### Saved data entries

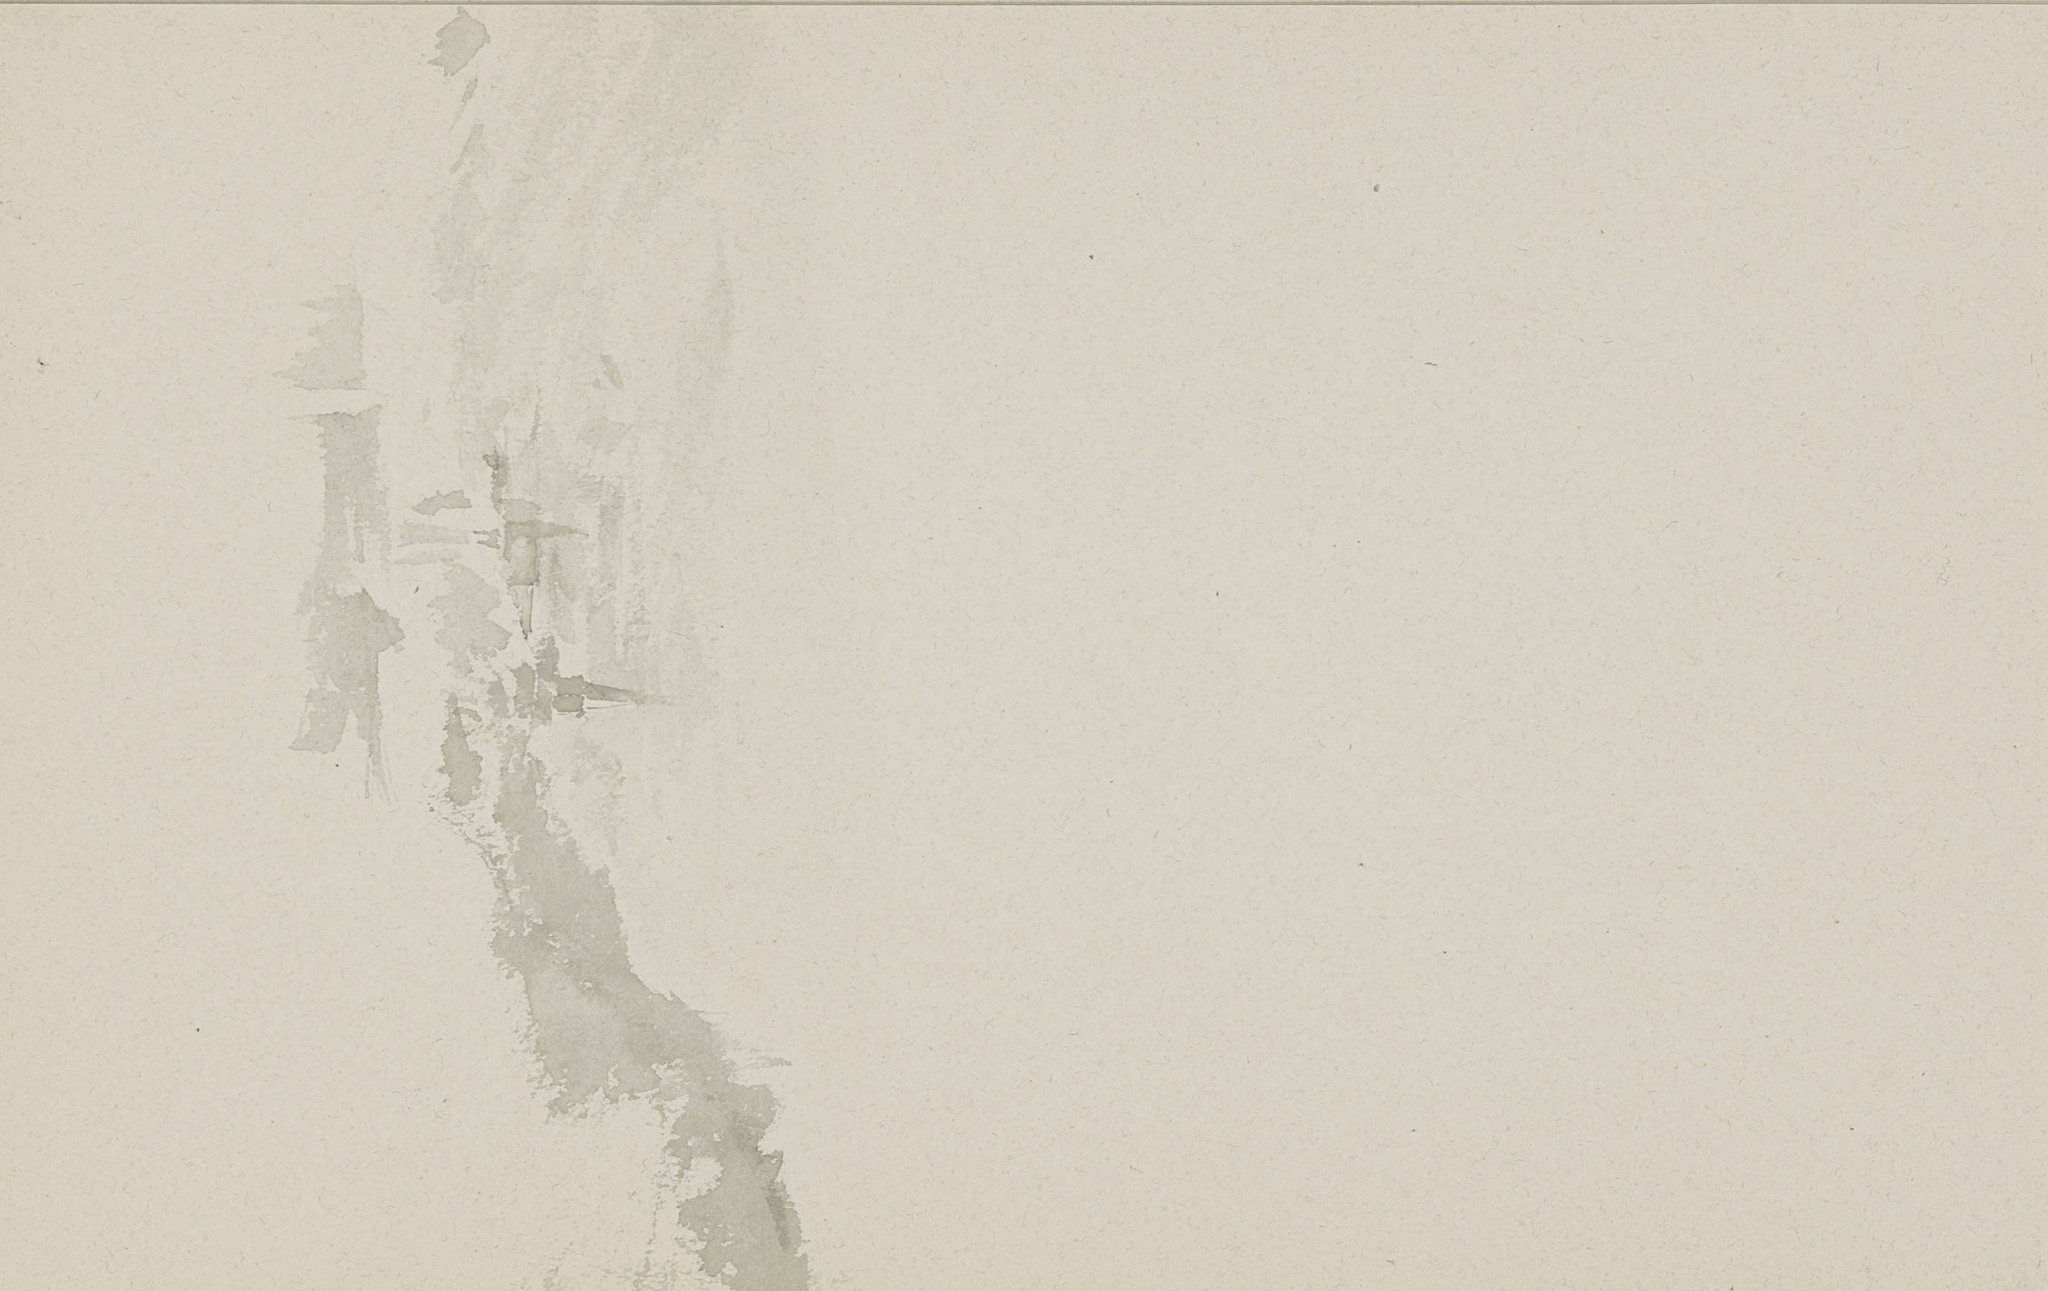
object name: sketchbook leaf
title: Gezicht op een stad met een kerktoren in de bergen
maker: a.a.l. de grammont-hubrecht
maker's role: draughtsman, painter, print maker
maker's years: 1855-1913
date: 1865-1913
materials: paper, watercolor
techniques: brush
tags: city-view, and landscape with man-made constructions, church (exterior), mountains
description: Blad 56 verso uit een schetsboek met 65 bladen.

### What the exercise asks
Would you repeat, exactly and with nothing added, every line from the line containing "maker's role: draughtsman, painter, print" through the last line of the records above?

### Output of the exercise
maker's role: draughtsman, painter, print maker
maker's years: 1855-1913
date: 1865-1913
materials: paper, watercolor
techniques: brush
tags: city-view, and landscape with man-made constructions, church (exterior), mountains
description: Blad 56 verso uit een schetsboek met 65 bladen.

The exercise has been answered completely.